Then you'd need to make a matching change to the judgment for imports that already specify explicit headers with using. Before the change it is currently:

(Δ, parent) × Γ₀ ⊢ requestHeaders ⇒ resolvedRequestHeaders ⊢ Γ₁
ε ⊢ resolvedRequestHeaders : H
H ∈ { List { mapKey : Text, mapValue : Text }, List { header : Text, value : Text } }
resolvedRequestHeaders ⇥ normalizedRequestHeaders
parent </> https://authority directory file using normalizedRequestHeaders = import
canonicalize(import) = child
referentiallySane(parent, child)
Γ₁(child) = e₀ using responseHeaders
  ; Append normalizedRequestHeaders to the above request's headers
corsCompliant(parent, child, responseHeaders)
(Δ, parent, child) × Γ₁ ⊢ e₀ ⇒ e₁ ⊢ Γ₂
ε ⊢ e₁ : T
──────────────────────────────────────────────────────────────────────────  ; * child ∉ Δ
(Δ, parent) × Γ₀ ⊢ https://authority directory file using requestHeaders ⇒ e₁ ⊢ Γ₂

… and after the change it would be:

Γ(env:DHALL_HEADERS ? "${XDG_CONFIG_HOME}/dhall/headers.dhall" ? ~/.config/dhall/headers.dhall) = headers
ε ⊢ headers : List { mapKey : Text, mapValue : Text }
(Δ, parent) × Γ₀ ⊢ requestHeaders ⇒ resolvedRequestHeaders ⊢ Γ₁
ε ⊢ resolvedRequestHeaders : H
H ∈ { List { mapKey : Text, mapValue : Text }, List { header : Text, value : Text } }
headers # resolvedRequestHeaders ⇥ normalizedRequestHeaders
parent </> https://authority directory file using normalizedRequestHeaders = import
canonicalize(import) = child
referentiallySane(parent, child)
Γ₁(child) = e₀ using responseHeaders
  ; Append normalizedRequestHeaders to the above request's headers
corsCompliant(parent, child, responseHeaders)
(Δ, parent, child) × Γ₁ ⊢ e₀ ⇒ e₁ ⊢ Γ₂
ε ⊢ e₁ : T
──────────────────────────────────────────────────────────────────────────  ; * child ∉ Δ
(Δ, parent) × Γ₀ ⊢ https://authority directory file using requestHeaders ⇒ e₁ ⊢ Γ₂

timbertson · 2021-07-10T06:12:05Z

Thanks for the feedback.

@Gabriel439 I'll be honest, I can vaguely the judgement syntax but had no idea what to change, so thanks for the help :)

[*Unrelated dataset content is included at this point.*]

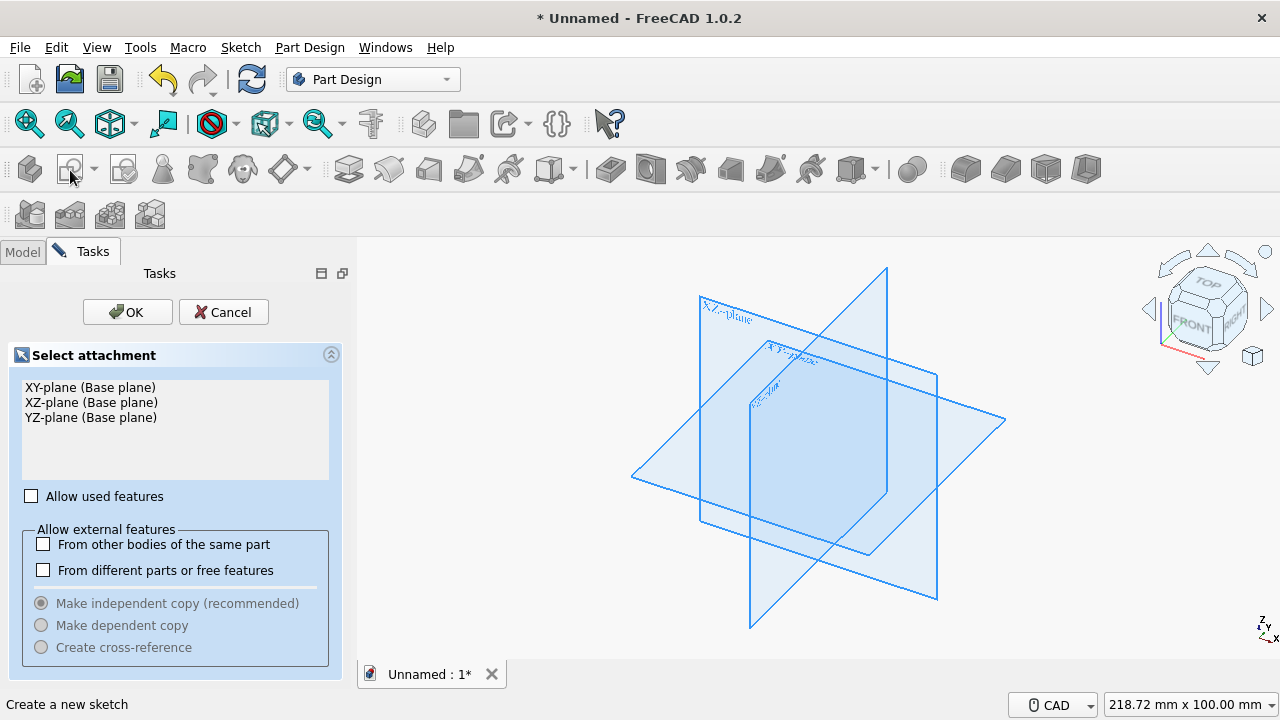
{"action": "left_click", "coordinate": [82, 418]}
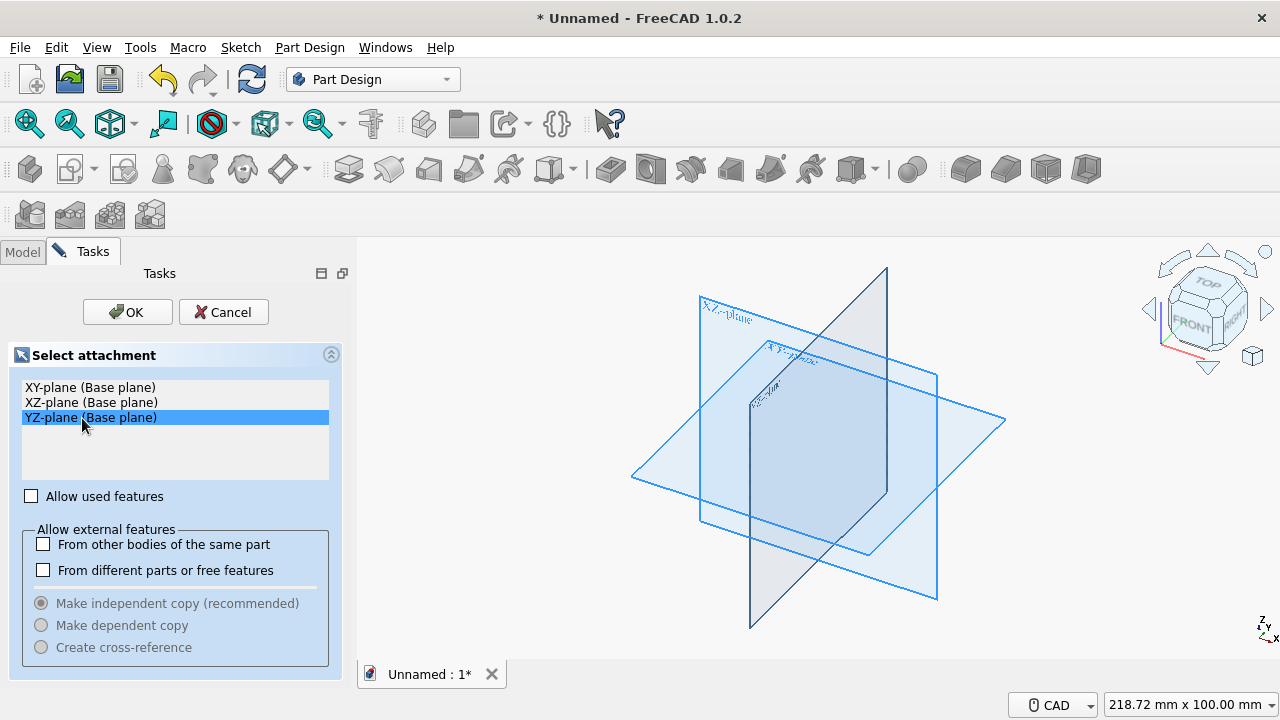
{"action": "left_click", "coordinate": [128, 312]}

timbertson · 2021-07-10T06:19:34Z

standard/imports.md

@@ -617,6 +617,23 @@ then you retrieve the expression from the canonicalized path and transitively
 resolve imports within the retrieved expression:


+    Γ(env:DHALL_HEADERS ? "${XDG_CONFIG_HOME:~/.config}/dhall/headers.dhall") = headers


@Gabriel439 I changed this from your suggestion of:

Γ(env:DHALL_HEADERS ? "${XDG_CONFIG_HOME}/dhall/headers.dhall" ? ~/.config/dhall/headers.dhall) = headers

But it still doesn't quite look right to me. The semantics I want are that:

if DHALL_HEADERS is set, evaluate it

otherwise, let BASE be XDG_CONFIG_HOME, or ~/.config if XDG_CONFIG_HOME is not set

load $BASE/dhall/headers.dhall, if it exists

The main difference with what's written here is that if DHALL_HEADERS contained invalid dhall, it should fail, rather than falling back to the file. And contrasted with your original suggestion, it will only ever attempt to load at most one file, it won't try XDG_CONFIG_HOME and then fallback to ~/.config if that file doesn't typecheck, for example.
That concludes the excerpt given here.